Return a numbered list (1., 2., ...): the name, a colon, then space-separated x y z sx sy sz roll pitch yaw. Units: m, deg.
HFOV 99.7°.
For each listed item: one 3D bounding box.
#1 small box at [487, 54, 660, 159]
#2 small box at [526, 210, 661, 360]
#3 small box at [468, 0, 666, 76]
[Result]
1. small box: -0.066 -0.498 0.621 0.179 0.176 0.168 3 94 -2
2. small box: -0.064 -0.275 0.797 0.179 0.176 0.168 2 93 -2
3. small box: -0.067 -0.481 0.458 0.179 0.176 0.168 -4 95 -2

* * *

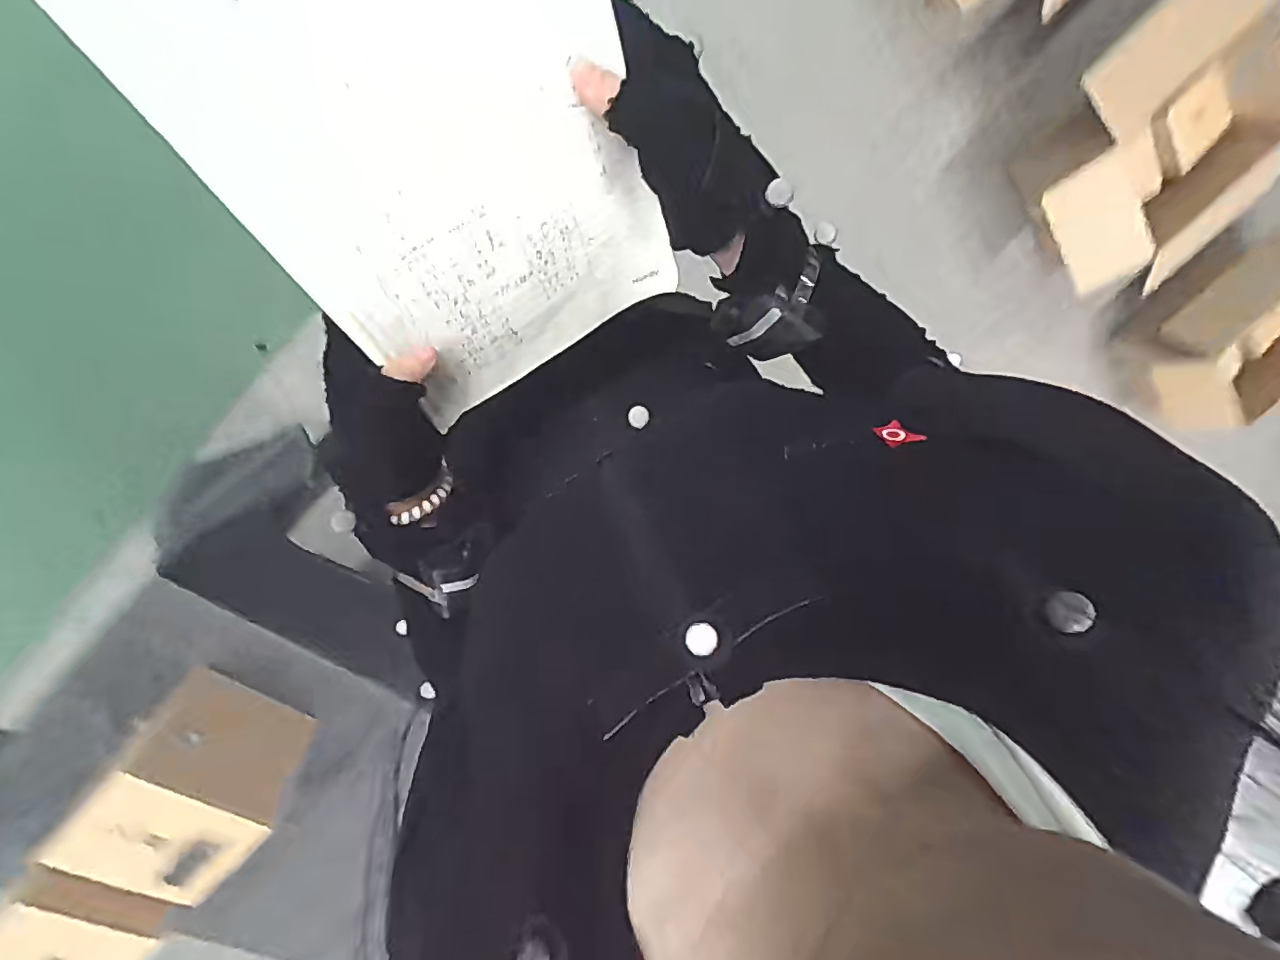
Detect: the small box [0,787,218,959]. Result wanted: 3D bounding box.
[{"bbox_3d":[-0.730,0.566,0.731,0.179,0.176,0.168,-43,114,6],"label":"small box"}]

---

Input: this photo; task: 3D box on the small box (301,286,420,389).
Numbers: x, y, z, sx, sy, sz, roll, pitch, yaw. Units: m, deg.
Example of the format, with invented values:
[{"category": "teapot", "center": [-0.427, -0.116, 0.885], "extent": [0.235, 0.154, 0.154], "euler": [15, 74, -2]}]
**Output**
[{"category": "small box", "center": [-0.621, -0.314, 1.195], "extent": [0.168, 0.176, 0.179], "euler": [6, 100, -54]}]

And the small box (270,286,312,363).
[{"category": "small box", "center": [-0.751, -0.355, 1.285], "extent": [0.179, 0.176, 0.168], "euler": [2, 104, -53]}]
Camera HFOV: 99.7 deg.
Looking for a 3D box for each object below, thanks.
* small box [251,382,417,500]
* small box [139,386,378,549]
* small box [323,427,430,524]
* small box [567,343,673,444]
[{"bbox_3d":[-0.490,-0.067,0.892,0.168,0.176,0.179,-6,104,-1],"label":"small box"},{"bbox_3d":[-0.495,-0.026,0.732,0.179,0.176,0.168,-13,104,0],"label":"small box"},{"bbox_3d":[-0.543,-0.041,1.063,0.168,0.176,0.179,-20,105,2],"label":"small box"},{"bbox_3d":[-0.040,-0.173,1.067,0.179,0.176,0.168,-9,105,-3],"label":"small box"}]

▶ ACTIVITY
Copy each line from the entries above that has the word "roll" in it.

▶ RESPONSE TO THIS EXERCISE
Return a numbered list (1., 2., ...): the name, a colon, then space-separated x y z sx sy sz roll pitch yaw. Units: m, deg.
Numbers: x, y, z, sx, sy, sz, roll, pitch, yaw. Units: m, deg.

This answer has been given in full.